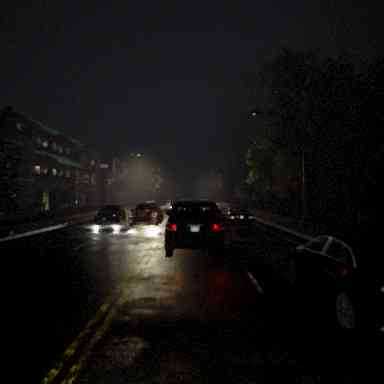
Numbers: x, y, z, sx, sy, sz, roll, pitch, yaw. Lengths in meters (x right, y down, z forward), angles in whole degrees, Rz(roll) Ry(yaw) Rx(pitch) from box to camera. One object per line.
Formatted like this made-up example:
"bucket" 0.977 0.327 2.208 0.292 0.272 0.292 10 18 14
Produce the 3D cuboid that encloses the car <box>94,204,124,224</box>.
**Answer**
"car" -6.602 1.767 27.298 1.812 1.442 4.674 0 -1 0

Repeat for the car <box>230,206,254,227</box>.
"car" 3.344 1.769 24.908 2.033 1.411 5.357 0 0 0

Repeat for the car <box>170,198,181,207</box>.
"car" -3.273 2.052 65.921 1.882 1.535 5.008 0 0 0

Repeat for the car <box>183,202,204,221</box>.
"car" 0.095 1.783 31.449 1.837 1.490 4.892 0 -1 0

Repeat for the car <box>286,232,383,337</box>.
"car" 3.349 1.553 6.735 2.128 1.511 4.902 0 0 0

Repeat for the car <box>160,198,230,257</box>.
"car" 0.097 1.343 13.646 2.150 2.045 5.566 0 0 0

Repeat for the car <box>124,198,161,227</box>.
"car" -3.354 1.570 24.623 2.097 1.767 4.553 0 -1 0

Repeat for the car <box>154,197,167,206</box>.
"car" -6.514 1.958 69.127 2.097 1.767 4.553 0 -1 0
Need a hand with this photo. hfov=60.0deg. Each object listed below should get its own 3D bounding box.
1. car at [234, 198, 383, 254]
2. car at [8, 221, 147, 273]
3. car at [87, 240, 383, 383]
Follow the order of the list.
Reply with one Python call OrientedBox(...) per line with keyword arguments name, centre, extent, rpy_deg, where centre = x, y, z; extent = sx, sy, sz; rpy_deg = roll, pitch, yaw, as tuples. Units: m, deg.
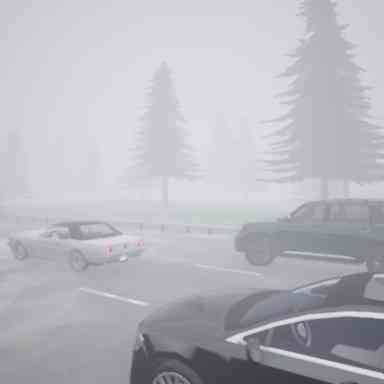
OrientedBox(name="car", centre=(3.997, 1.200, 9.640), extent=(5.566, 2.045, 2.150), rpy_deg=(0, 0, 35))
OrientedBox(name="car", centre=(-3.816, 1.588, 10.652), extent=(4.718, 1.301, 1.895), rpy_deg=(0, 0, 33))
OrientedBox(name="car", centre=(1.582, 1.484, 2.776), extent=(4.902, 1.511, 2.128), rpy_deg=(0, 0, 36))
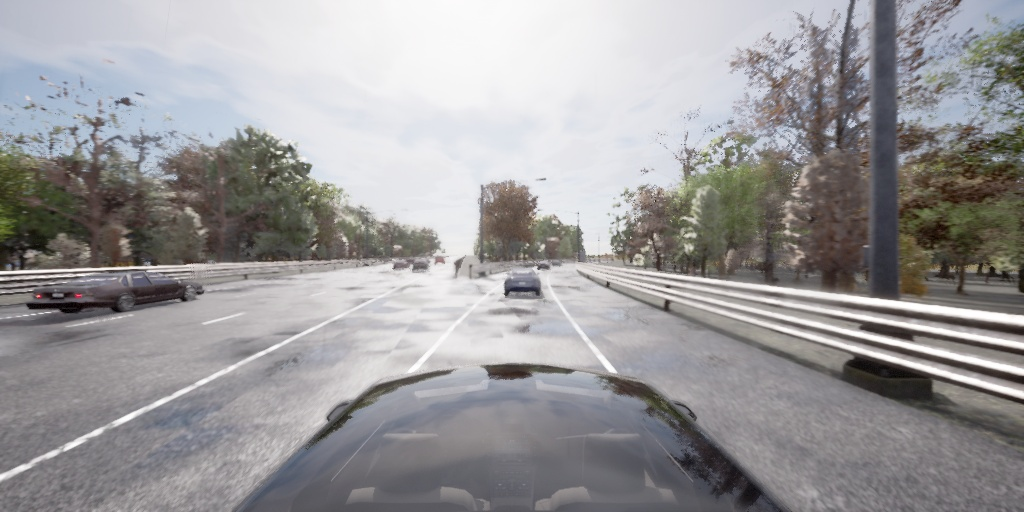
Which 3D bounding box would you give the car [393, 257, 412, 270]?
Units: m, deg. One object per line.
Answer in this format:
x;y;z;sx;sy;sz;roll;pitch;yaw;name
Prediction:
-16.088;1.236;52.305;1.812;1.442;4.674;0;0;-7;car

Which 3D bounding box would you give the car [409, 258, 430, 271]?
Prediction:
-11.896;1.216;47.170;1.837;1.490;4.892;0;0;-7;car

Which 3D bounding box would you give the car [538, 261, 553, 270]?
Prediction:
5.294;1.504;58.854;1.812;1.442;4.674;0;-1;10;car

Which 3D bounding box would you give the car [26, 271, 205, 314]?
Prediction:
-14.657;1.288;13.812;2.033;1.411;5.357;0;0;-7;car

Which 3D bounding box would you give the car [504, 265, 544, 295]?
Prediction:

* * *

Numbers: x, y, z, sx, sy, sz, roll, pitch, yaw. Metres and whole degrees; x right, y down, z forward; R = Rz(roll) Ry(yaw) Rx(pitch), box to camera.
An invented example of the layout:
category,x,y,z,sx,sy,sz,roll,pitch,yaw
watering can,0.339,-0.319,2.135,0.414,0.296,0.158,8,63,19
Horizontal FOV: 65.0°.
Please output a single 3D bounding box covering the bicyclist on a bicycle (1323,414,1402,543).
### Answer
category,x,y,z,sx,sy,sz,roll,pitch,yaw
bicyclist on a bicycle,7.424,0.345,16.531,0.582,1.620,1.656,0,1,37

==

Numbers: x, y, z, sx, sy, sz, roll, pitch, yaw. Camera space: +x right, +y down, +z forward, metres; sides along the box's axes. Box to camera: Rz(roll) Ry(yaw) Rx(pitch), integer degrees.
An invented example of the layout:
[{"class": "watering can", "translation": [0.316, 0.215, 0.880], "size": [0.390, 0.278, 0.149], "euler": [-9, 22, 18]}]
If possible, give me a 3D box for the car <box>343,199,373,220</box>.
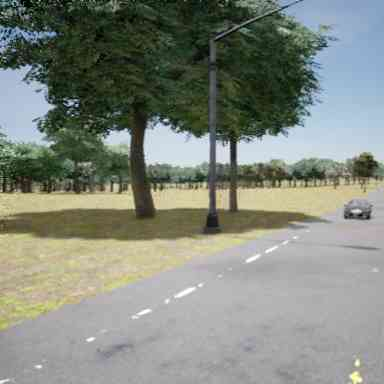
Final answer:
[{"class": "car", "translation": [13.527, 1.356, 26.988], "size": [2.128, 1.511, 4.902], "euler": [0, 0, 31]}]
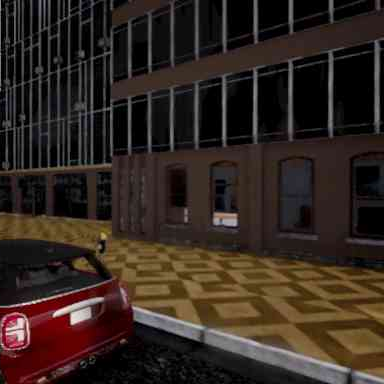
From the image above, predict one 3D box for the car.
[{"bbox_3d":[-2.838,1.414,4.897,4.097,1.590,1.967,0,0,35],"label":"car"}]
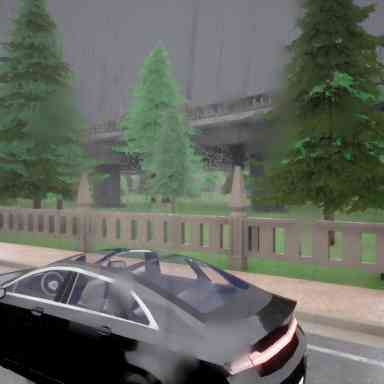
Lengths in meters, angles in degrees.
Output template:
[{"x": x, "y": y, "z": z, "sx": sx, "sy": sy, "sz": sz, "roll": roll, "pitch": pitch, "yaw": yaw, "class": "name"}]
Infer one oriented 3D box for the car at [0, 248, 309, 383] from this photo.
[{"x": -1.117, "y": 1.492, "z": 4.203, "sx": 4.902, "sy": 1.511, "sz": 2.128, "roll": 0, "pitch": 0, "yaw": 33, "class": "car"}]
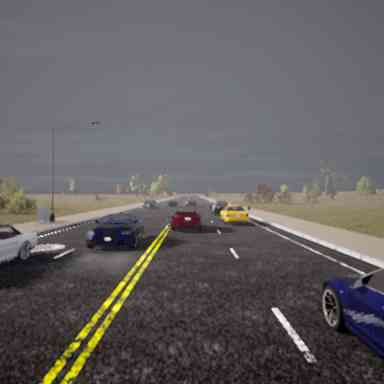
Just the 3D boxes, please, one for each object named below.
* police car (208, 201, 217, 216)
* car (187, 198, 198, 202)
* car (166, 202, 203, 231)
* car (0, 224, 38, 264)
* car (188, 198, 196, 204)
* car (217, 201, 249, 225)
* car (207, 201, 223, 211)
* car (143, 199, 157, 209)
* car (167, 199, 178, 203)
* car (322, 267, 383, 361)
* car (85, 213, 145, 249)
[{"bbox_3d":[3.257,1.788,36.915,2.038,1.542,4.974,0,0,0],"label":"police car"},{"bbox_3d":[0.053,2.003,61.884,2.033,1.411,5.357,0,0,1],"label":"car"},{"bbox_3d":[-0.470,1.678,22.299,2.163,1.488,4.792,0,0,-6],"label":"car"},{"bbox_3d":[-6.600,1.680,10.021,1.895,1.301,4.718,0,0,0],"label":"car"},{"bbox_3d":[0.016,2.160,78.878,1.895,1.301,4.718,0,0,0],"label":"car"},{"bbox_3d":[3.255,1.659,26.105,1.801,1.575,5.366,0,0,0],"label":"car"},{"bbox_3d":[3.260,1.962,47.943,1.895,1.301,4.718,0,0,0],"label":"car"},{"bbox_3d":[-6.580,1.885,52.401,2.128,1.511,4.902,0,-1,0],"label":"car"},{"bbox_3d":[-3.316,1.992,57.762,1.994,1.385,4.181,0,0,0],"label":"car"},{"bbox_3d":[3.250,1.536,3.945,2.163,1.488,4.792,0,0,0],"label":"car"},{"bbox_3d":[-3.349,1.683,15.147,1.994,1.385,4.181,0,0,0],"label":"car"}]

YOUR ASSIGNMENT: Within the material above, the line with "Repeat for the car <box>183,202,204,221</box>." opens the range and the line with "Follow the order of the list." closes it; reproduce that range word for word.

TASK OUTPUT:
Repeat for the car <box>183,202,204,221</box>.
"car" 0.095 1.783 31.449 1.837 1.490 4.892 0 -1 0

Repeat for the car <box>286,232,383,337</box>.
"car" 3.349 1.553 6.735 2.128 1.511 4.902 0 0 0

Repeat for the car <box>160,198,230,257</box>.
"car" 0.097 1.343 13.646 2.150 2.045 5.566 0 0 0

Repeat for the car <box>124,198,161,227</box>.
"car" -3.354 1.570 24.623 2.097 1.767 4.553 0 -1 0

Repeat for the car <box>154,197,167,206</box>.
"car" -6.514 1.958 69.127 2.097 1.767 4.553 0 -1 0
Need a hand with this photo. hfov=60.0deg. Each object listed below should get its own 3D bounding box.
1. car at [234, 198, 383, 254]
2. car at [8, 221, 147, 273]
3. car at [87, 240, 383, 383]
Follow the order of the list.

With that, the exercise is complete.